## Your instructions:
Only the text of the records belongs in the answer; the pictures must be dropped.

*-*-*

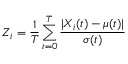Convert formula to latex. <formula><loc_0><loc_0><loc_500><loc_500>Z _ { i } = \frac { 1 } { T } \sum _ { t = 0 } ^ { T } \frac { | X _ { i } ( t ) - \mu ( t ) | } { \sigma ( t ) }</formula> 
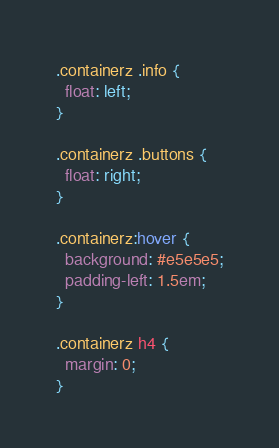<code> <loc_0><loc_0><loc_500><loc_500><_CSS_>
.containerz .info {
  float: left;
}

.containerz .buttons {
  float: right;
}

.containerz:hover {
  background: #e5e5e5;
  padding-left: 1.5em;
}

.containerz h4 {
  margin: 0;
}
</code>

*-*-*

## Response to the task:
Convert formula to latex. <formula><loc_0><loc_0><loc_500><loc_500>Z _ { i } = \frac { 1 } { T } \sum _ { t = 0 } ^ { T } \frac { | X _ { i } ( t ) - \mu ( t ) | } { \sigma ( t ) }</formula> 
<code> <loc_0><loc_0><loc_500><loc_500><_CSS_>
.containerz .info {
  float: left;
}

.containerz .buttons {
  float: right;
}

.containerz:hover {
  background: #e5e5e5;
  padding-left: 1.5em;
}

.containerz h4 {
  margin: 0;
}
</code>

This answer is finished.